O chefe é o algoritmo: as pessoas e o pandemônio da pandemia

Com o envelhecimento acelerado da população, a tendência é que as empresas tenham cada vez mais dificuldade de contratar jovens.

Gig Economy
Foto Orlando Brito

A gig economy tomou conta do mercado de trabalho. Uma tradução seria economia de bico, nossa velha conhecida dos profissionais que trabalham sozinhos, sem vínculo, tradicionalmente os eletricistas, bombeiros e engraxates, entre outros, mas agora todos digitalizados, inicialmente com smartphones, depois com plataformas, verdadeiros marketplaces de bico. Mas as plataformas jogaram nessa economia de bico aproximadamente 1,7 milhão de pessoas que trabalham com transporte de passageiros e entrega de mercadorias, seja Uber e sucedâneos, seja iFood e um mar de concorrentes.
Foi um movimento provocado pelo alto desemprego depois da crise de 2015 e multiplicado pela pandemia e seu ecommerce de tudo, inicialmente com as pessoas trancadas em casa pela covid e depois sem querer voltar mais para os escritórios.

E quais as consequências disso?
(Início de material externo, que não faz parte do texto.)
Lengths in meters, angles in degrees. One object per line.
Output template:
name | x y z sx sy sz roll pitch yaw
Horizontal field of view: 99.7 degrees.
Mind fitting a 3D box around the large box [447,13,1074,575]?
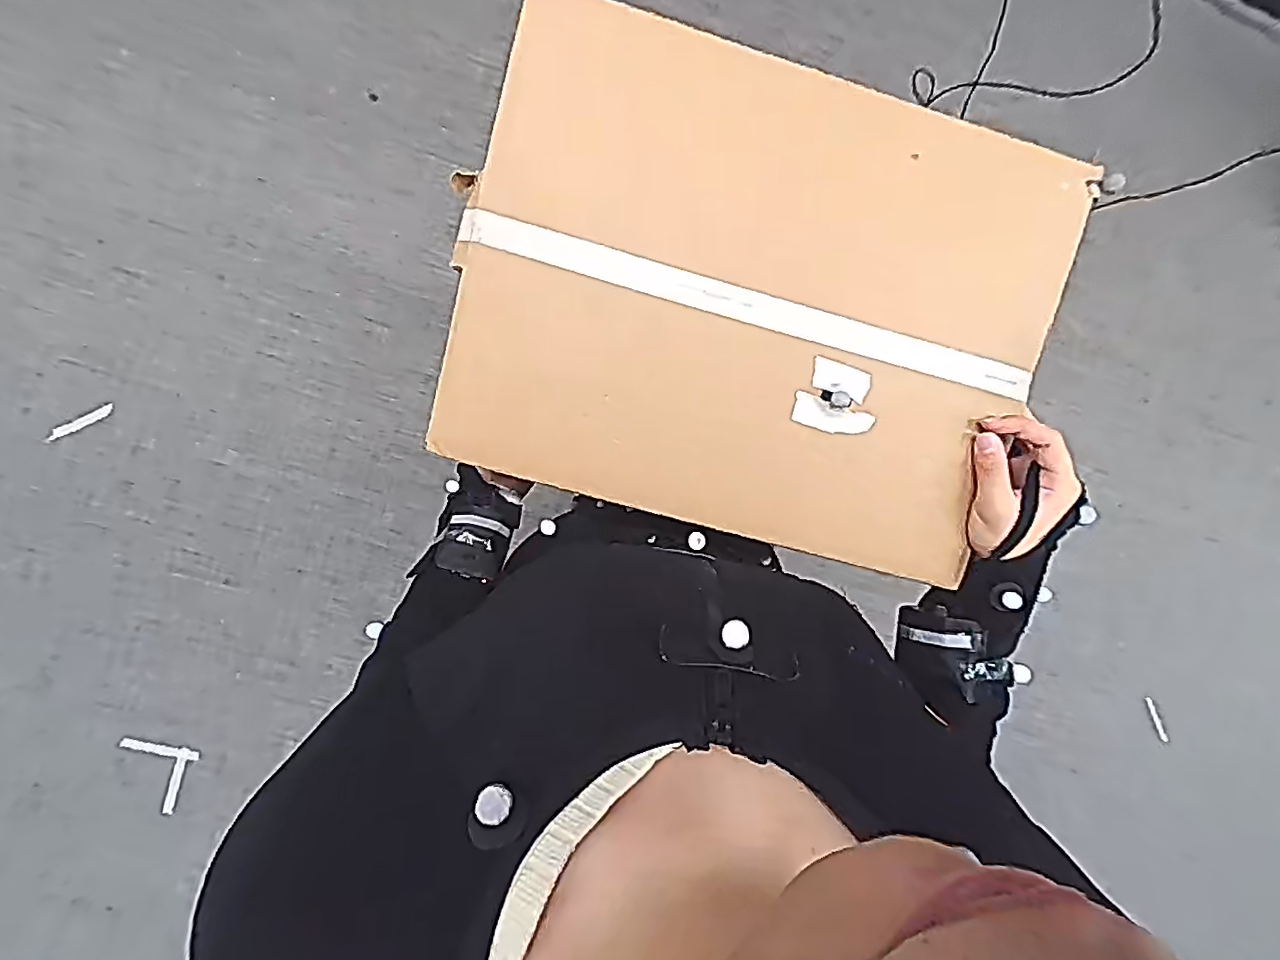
large box | 0.076 -0.134 0.532 0.408 0.320 0.320 14 97 -6
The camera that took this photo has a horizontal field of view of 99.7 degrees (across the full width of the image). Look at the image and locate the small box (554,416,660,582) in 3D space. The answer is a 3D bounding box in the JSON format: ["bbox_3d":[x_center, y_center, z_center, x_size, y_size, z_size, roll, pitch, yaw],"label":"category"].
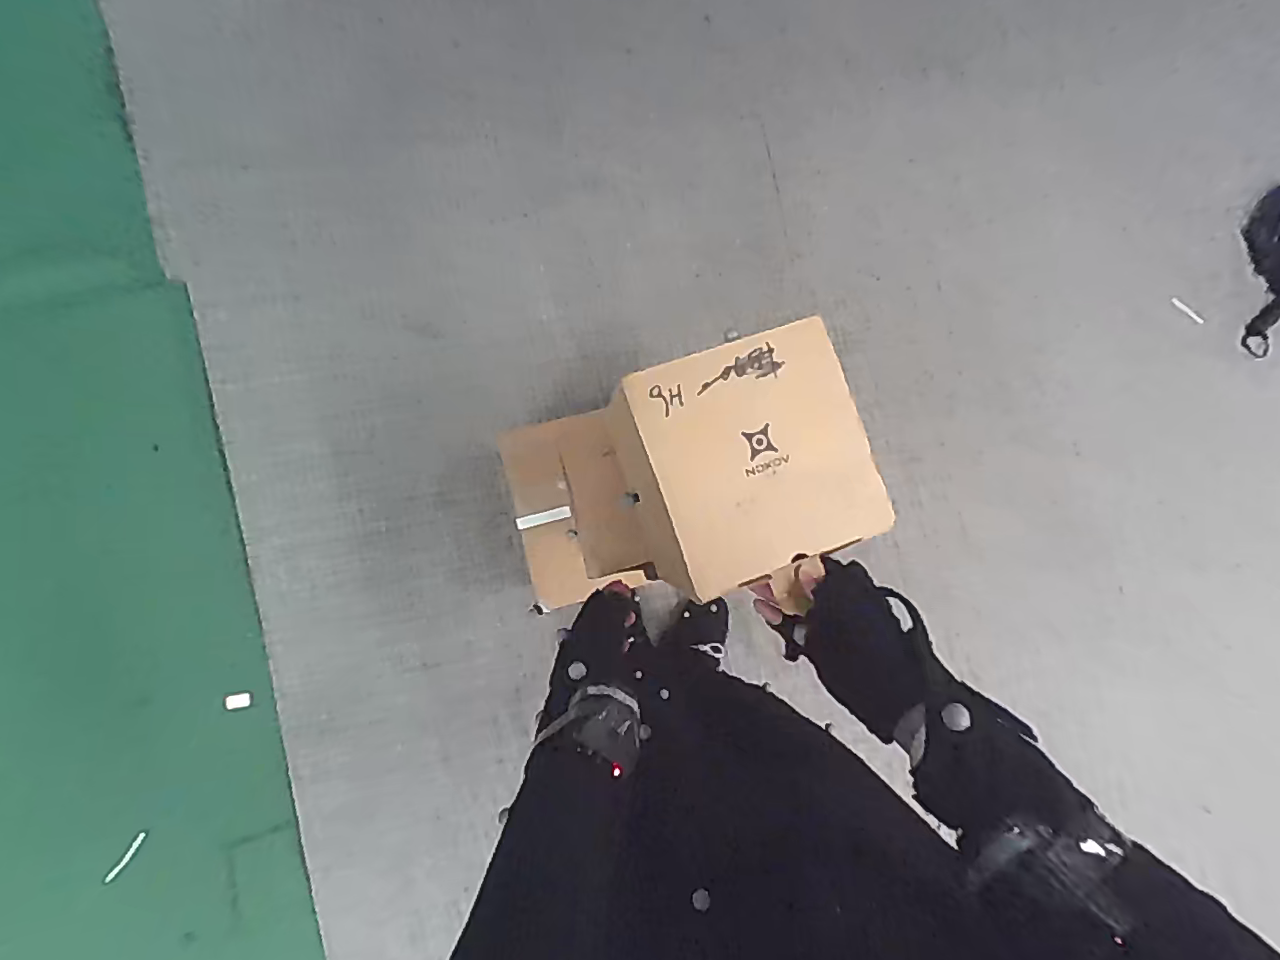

Na volta ao novo normal, quando as empresas puderam retomar a produção industrial e os serviços que interagem com o público se liberaram das máscaras, cadê as pessoas para trabalhar? Restaurantes, hotéis e supermercados, têm mais dificuldades para contratar e experimentam alta rotatividade Há vagas, mas os pedreiros e outros do mesmo nível estão de moto por aí, normalmente arriscando a vida, mas faturando. Quem foi para Uber gostou da liberdade de horário e colocou o próprio carro para render. A renda média mensal vai a mais de R$ 2.000,00. O chefe é o algoritmo, o que suscita mil discussões sobre direitos trabalhistas, aqui e no mundo.

Cena de rua – Orlando Brito

Apesar do desemprego ainda alto no país, as empresas estão enfrentando dificuldades para preencher até mesmo vagas que demandam menor qualificação, que são geralmente as portas de entrada dos jovens no mercado de trabalho. É uma contradição que se aprofundou após a pandemia com a combinação de perda no aprendizado escolar, principalmente no ensino médio, e a menor chance de ganhar competências com experiências profissionais.

Para as vagas que exigem qualificação ficou uma defasagem com a perda do aprendizado de nível médio na pandemia e até uma postura de baixa dedicação ao trabalho, detectada por muitos empregadores, que tem a ver também com a perda de interação social e seu impacto nas soft skills hoje exigidas.

Técnicos em TI

Na área técnica, dos profissionais de TI – Tecnologia da Informação, a demanda da digitalização explosiva da pandemia turbinou salários e colocou esses profissionais na condição de exigir home-office, que as características do trabalho favorecem e lhes deu a possibilidade de trabalhar para outras cidades ou países sem sair de casa.
Até as funções de RH ficaram remotas: recebimento de currículos, videoentrevistas, onboarding ou treinamento.

E o que podem fazer as empresas? Automatizar o que der e treinar pessoal, muitas fazem isso com sucesso até pagando bolsas para uma quantidade maior do que precisam para poder escolher os melhores. Para isso tem que investir na marca para atrair os olhares dos interessados na possibilidade de ascensão e oferecer flexibilidade e benesses. Outra maneira é ir para dentro das universidades engajar estagiários na origem. Tem um lado bom nessa história porque diminuem as discriminações. Precisam de gente independentemente de gênero, raça, restrições físicas, tatuagens ou indumentárias. Os dress codes foram implodidos.

Aulas presenciais – Foto Marcos Santos/USP Imagens.

Faculdades, por outro lado, perderam alunos que não querem mais aulas presenciais e muitos não querem nem uma graduação longa. Cinco anos para se formar? Pra quê se o mercado já não dá tanta importância para canudo, dizem eles, e vão para o mercado se empregar ou virar empreendedores. Algumas faculdades se adaptaram para o ensino à distância com minicertificações paulatinas que já permitem colocação no mercado.
E o Brasil está entrando na fase de ônus demográfico. É uma situação oposta à da vantagem produtiva que o país tinha há até pouco tempo, em que um grande contingente de jovens caracterizava um bônus demográfico. Com o envelhecimento acelerado da população, a tendência é que as empresas tenham cada vez mais dificuldade de contratar jovens para posições de entrada. Estão faltando jovens.

Enfim, o pandemônio no mercado de trabalho não é só por causa da pandemia, só resta se adaptar.

– Evandro Milet é consultor, palestrante e articulista sobre tendências e estratégias para negócios inovadores. Artigo publicado também no ES360.